NLPE_Durham: Hands-on: Matrix-free CG solver (job script)

In this hands-on we analyze a conjugate-gradient (CG) linear solver which is derived from the popular HPCG benchmark. It is "matrix free" because it does not actually store the coefficient matrix; the matrix is hard-coded so that the sparse MVM kernel is actually a Jacobi-like stencil update scheme.

Preparation

Copy the source files to your home directory (if no have not done so) via

$ cp -a ~dc-grub1/NLPE-Durham $HOME
$ cd NLPE-Durham/MFCG

Read and edit the job script

The job script lets you decide whether you want to use C or Fortran and whether GCC or the Intel ICX compilers should be used.

$ vi compiler-and-language-selection.conf

Submit the job to get initial output for a single-core run

$ sbatch job-dine2-part1.sh

The problem size is specified as two numbers: The outer (first argument) and the inner dimension (second argument) of the grid. Performance-wise, this is important only for the stencil update part of the algorithm. The code implements a standard Conjugate-Gradient (CG) algorithm without a stored matrix, i.e., the matrix-vector multiplication is a stencil update sweep. Performance is printed in millions of lattice site updates per second. This number pertains to the whole algorithm, not just the stencil update.

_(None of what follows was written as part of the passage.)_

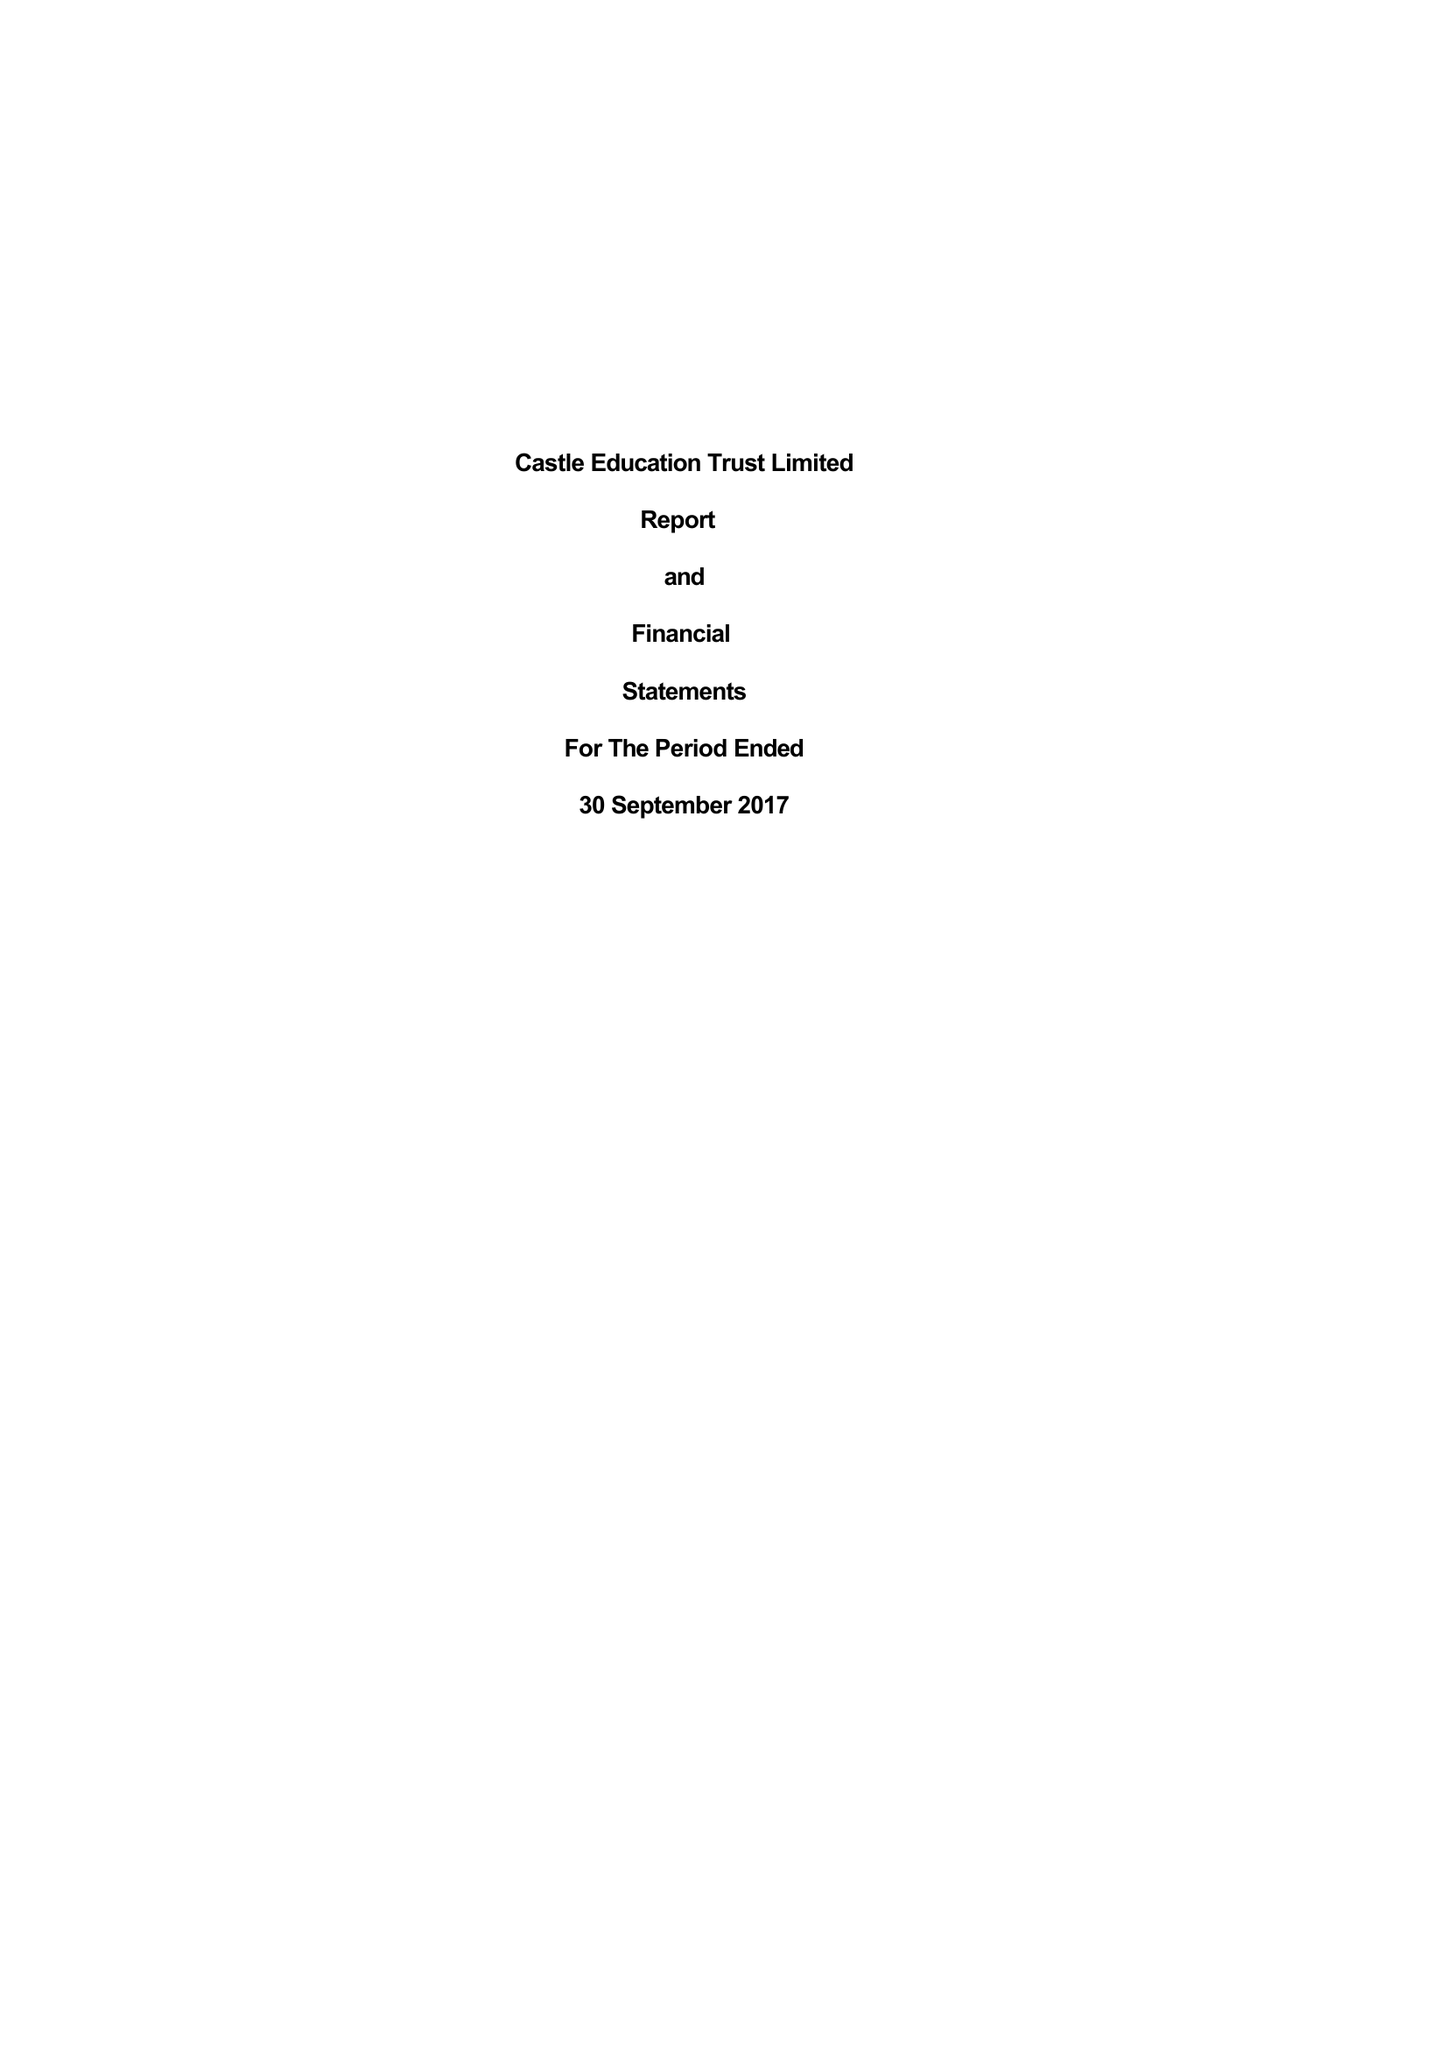What is the value for the address__postcode?
Answer the question using a single word or phrase. N15 6AB

-- END of part 1 ----------------------------------------------------------------------------------------------------------------

Performance Engineering

Time profile

Take a look at job-dine2-part2.sh. It compiles the code with -pg to enable runtime profiling because we don't know yet which functions are the time-consuming ones.

$ sbatch job-dine2-part2.sh

When you kept reading the job script, you might realize that the application is compiled & ran twice. The reason is that in the first run, all functions are inlined due to -Ofast and missing -fno-inline and we cannot see which function took most of the time.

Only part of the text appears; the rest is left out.